Problem: From the entries below, please output exactly the lines starting at the one containing "The image spans 60.0° horizontally." and ending at the one containing "Would you localize", both included.
--- Data for this task Enclosed Below ---
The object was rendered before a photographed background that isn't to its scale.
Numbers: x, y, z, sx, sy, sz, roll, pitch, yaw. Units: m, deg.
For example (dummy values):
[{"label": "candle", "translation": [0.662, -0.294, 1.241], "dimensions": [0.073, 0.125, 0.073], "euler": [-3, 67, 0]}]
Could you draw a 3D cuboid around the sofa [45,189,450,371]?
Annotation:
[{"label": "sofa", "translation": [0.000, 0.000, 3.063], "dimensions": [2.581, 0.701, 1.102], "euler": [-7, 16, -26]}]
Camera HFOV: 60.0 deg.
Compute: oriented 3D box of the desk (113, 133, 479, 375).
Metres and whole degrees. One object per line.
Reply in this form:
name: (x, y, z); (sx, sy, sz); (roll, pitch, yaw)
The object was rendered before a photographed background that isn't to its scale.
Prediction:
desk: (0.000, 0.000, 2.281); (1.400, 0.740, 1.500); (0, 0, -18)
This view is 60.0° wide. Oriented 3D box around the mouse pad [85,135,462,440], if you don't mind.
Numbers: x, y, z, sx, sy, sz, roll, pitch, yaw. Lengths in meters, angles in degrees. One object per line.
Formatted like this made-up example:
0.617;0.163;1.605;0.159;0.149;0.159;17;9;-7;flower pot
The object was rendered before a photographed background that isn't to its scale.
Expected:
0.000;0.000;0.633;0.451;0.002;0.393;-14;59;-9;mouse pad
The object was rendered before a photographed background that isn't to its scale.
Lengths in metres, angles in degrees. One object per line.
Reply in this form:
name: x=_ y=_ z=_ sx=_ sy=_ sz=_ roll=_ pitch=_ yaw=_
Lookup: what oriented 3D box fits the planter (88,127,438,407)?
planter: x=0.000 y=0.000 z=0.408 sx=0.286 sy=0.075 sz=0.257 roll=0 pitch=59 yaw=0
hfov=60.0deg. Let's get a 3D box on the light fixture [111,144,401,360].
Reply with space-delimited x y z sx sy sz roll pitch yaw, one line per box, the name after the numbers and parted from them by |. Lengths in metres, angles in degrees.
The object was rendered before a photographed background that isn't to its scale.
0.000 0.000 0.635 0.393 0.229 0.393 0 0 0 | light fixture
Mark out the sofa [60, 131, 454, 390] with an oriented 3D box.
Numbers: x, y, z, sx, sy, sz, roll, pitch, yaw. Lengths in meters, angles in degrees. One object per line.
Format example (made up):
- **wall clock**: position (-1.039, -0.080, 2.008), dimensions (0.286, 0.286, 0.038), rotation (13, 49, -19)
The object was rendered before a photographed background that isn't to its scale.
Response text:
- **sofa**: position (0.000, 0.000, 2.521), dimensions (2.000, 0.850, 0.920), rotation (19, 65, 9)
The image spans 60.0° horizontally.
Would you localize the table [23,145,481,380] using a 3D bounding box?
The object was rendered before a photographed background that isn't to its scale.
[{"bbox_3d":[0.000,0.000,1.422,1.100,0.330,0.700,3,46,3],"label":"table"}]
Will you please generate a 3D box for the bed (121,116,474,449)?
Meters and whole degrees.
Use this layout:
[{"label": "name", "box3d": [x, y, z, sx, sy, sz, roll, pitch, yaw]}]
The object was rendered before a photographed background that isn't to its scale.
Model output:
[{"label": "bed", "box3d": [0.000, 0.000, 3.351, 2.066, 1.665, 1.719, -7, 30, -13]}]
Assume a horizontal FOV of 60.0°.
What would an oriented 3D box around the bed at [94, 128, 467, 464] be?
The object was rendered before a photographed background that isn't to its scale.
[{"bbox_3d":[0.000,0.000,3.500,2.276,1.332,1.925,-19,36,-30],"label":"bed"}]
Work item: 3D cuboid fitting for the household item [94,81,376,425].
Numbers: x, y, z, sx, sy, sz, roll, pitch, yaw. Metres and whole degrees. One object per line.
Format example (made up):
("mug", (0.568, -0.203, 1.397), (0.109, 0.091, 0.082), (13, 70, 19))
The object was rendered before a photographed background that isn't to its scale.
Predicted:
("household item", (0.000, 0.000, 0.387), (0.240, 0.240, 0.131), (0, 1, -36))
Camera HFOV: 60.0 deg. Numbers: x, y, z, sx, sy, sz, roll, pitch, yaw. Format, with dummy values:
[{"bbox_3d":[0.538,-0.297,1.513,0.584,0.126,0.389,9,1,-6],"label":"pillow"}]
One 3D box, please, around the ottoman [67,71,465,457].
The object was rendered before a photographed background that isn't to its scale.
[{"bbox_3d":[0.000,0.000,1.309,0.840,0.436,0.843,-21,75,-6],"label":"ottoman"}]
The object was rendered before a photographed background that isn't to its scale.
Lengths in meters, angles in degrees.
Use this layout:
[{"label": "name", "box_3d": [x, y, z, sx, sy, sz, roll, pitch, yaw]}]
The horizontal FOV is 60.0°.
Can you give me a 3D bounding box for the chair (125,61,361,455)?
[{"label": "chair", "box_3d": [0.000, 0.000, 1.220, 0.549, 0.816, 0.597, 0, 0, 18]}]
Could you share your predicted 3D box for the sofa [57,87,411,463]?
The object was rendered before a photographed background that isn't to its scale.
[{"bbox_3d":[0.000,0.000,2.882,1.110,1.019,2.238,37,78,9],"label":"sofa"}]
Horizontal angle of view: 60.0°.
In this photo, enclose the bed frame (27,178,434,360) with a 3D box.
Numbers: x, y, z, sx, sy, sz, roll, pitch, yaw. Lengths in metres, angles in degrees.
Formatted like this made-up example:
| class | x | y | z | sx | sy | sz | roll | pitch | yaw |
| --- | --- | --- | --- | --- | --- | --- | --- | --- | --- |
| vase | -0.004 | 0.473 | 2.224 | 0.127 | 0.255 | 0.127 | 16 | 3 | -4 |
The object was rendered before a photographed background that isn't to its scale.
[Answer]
--- End of Enclosed Data for this task ---
Finished exercise:
The image spans 60.0° horizontally.
Would you localize the table [23,145,481,380] using a 3D bounding box?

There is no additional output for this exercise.